BUDGET 2006/07
Budget 2006: the people's guide
15 February 2006
South African Finance Minister Trevor Manuel announced his National Budget for 2006/07 to Parliament on Wednesday. With the theme Towards Accelerated and Shared Growth, the Budget details plans to for greater investment in the country's infrastructure, health, social grants and education - as well as the expected annual increase in "sin taxes".
Manuel pointed out that the South African economy is currently growing at 5% a year, contributing to both job creation and rising incomes. Inflation will remain at about 4.5% on average over the next three years, protecting the buying power of South Africans - particularly the poor.

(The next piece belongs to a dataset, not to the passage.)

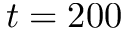<formula> <loc_0><loc_0><loc_500><loc_500>t = 2 0 0</formula> 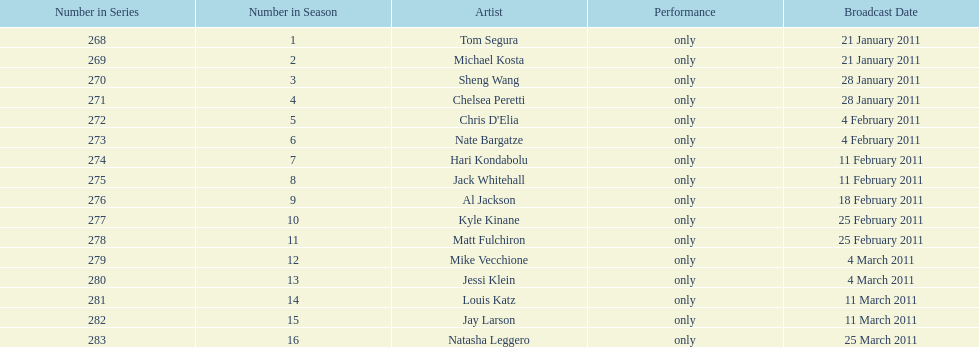Could you parse the entire table as a dict? {'header': ['Number in Series', 'Number in Season', 'Artist', 'Performance', 'Broadcast Date'], 'rows': [['268', '1', 'Tom Segura', 'only', '21 January 2011'], ['269', '2', 'Michael Kosta', 'only', '21 January 2011'], ['270', '3', 'Sheng Wang', 'only', '28 January 2011'], ['271', '4', 'Chelsea Peretti', 'only', '28 January 2011'], ['272', '5', "Chris D'Elia", 'only', '4 February 2011'], ['273', '6', 'Nate Bargatze', 'only', '4 February 2011'], ['274', '7', 'Hari Kondabolu', 'only', '11 February 2011'], ['275', '8', 'Jack Whitehall', 'only', '11 February 2011'], ['276', '9', 'Al Jackson', 'only', '18 February 2011'], ['277', '10', 'Kyle Kinane', 'only', '25 February 2011'], ['278', '11', 'Matt Fulchiron', 'only', '25 February 2011'], ['279', '12', 'Mike Vecchione', 'only', '4 March 2011'], ['280', '13', 'Jessi Klein', 'only', '4 March 2011'], ['281', '14', 'Louis Katz', 'only', '11 March 2011'], ['282', '15', 'Jay Larson', 'only', '11 March 2011'], ['283', '16', 'Natasha Leggero', 'only', '25 March 2011']]} How many comedians made their only appearance on comedy central presents in season 15? 16.

Various reforms and programmes to achieve more rapid growth and broad-based empowerment are being put in place through the Accelerated and Shared Growth Initiative (Asgisa), led by Deputy President Phumzile
Mlambo-Ngcuka.
This initiative looks at how to achieve increasing investment, improved productivity and skills development. More investment will help to improve the standard of living of South Africans, as it creates jobs, reduces poverty and increases the number of South Africans who participate in the economy.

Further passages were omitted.